Has anyone ever given you a gift that was really something they wanted rather than something you wanted? It brings to mind the child who tells his dad he wants to buy Mom a puppy for Mother’s Day; really, it’s the child’s ploy to get a puppy. He gives no thought to the fact that Mom would prefer breakfast in bed or a poem and that the gift of a puppy is, in actuality, a gift of work. Who will be the one who ends up feeding and caring for the pup?
The worst gift I was ever given was a cell phone. I had gone all my life without a cell phone until several years ago when my then boyfriend (we’ll call him Dick) gave me one for Christmas. It was really a gift for him and this is the story behind it. We worked together and several weeks earlier we had agreed to meet after work to go for a hike. The time came for him to meet me, and he didn’t show up. I went to his classroom, I tried the main office, I tried a mutual friend’s classroom to no avail. I couldn’t find him. I checked the parking lot to see if his car was still there; it was. I made the rounds again. I waited in my room thinking he was stuck in a parent teacher conference. Two hours later, I decided to go to one of the other buildings on campus and see if any of our friends out there had seen him.
When I arrived, I was greeted by a fellow teacher who informed me he was in her classroom. I arrived to discover he had been in there chatting with her and another mutual friend. They had, Dick later informed me, staged an “intervention” because they felt he was abandoning them as friends. Why wasn’t he able to walk two hundred yards to my classroom to let me know he wouldn’t be able to keep the date? He felt if he left them even that long, it would solidify to them their fears about him not respecting them as friends. (We’ll skip the irony of what this implied his respect for me was.) Apparently he thought they were the most unreasonable people on the planet. Then he told me if I had a cell phone, he could have called me.
So what did I get for Christmas? Why, yes, a cell phone, because his complete and utter rudeness and thoughtlessness (and inability to stand up to his friends) was my fault. How romantic. Thanks for giving me something you can keep tabs on me with. Besides the obvious red flag your need to monitor my movements raises, I also have to pay to keep it in service. Excuse me while I swoon.

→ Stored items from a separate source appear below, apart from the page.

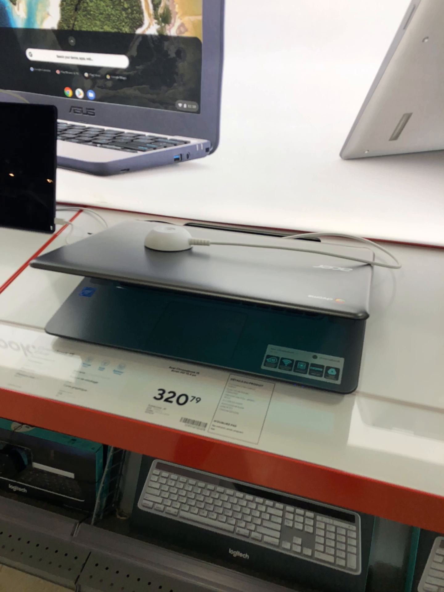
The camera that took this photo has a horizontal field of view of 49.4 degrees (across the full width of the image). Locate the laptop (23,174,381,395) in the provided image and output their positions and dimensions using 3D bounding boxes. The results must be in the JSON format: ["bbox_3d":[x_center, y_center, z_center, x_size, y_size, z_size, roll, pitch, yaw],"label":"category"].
[{"bbox_3d":[-0.007,-0.041,0.599,0.370,0.088,0.249,9,41,17],"label":"laptop"}]
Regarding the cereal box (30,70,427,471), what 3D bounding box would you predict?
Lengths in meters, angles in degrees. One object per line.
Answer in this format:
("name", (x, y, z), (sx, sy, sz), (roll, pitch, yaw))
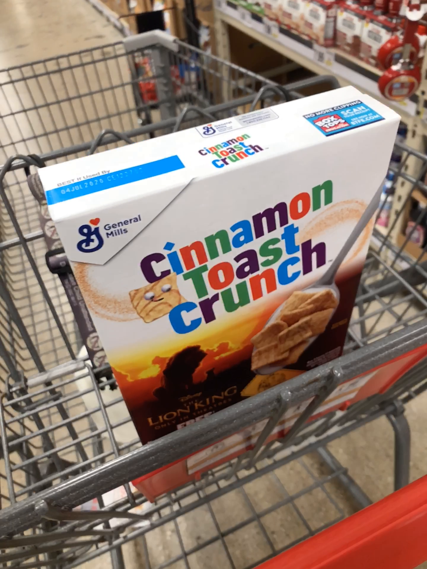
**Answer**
("cereal box", (0.023, 0.023, 0.366), (0.210, 0.309, 0.050), (-19, 50, -11))
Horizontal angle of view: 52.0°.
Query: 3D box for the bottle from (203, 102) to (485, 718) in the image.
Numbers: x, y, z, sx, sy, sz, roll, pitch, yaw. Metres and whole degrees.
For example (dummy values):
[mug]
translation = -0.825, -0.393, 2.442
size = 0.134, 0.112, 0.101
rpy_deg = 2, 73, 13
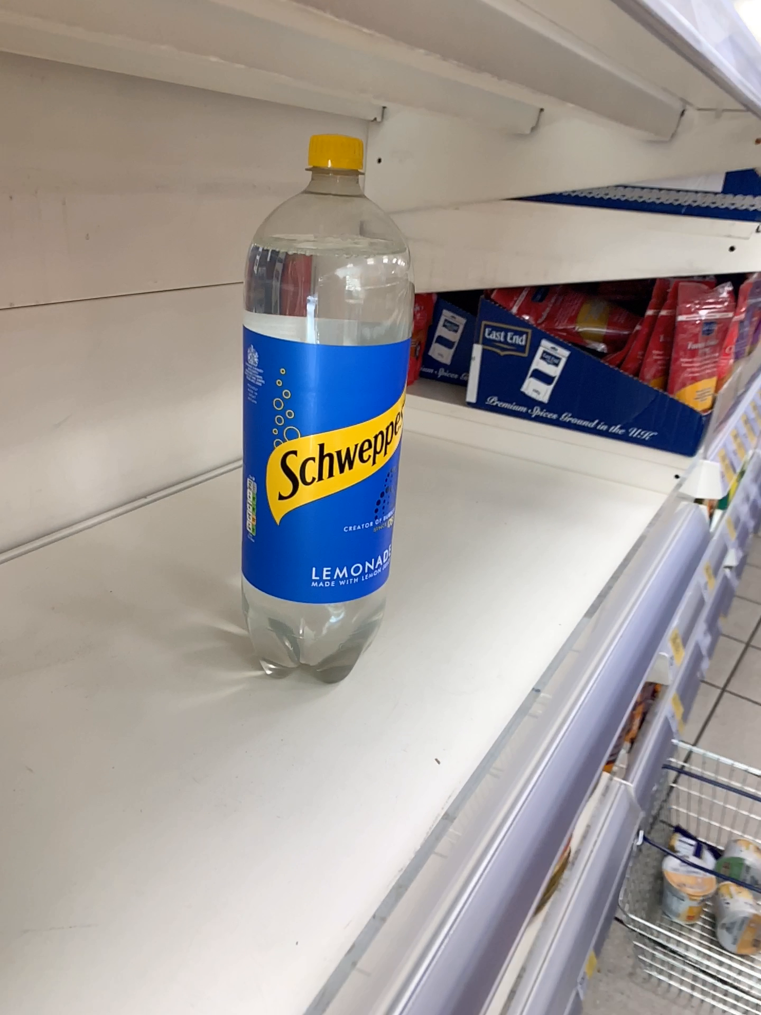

He also gave me a digital picture frame (which he had loaded not with pictures of us, but solely pictures of himself). My girl friend said, “those cost a lot.” Price tags do not impress me. Someone could buy me a diamond bracelet or a yacht; it doesn’t make them good presents. Good presents have the recipient in mind. I hate unnecessary techno stuff. If I have pictures I want to display, I’ll display them in a normal frame that doesn’t run up my electricity bill. He gave me a present he would want to get, with no thought of what I would want. I would have preferred to get just a card with a nice note in it.
I would rather get a musty, used copy of The Arabian Nights that cost you 25 cents at a yard sale than the latest Joel Osteen hardcover you shelled out $25 for, because one shows that you know me and the other is just disgusting. It truly is the thought that counts because some of the best gifts I’ve been given were not pricey at all, but demonstrated that the giver was thinking of me. Cheap but funky jewelry that fit my style, camels found at thrift stores, lilies. All cost under $10, but put the biggest smiles on my face.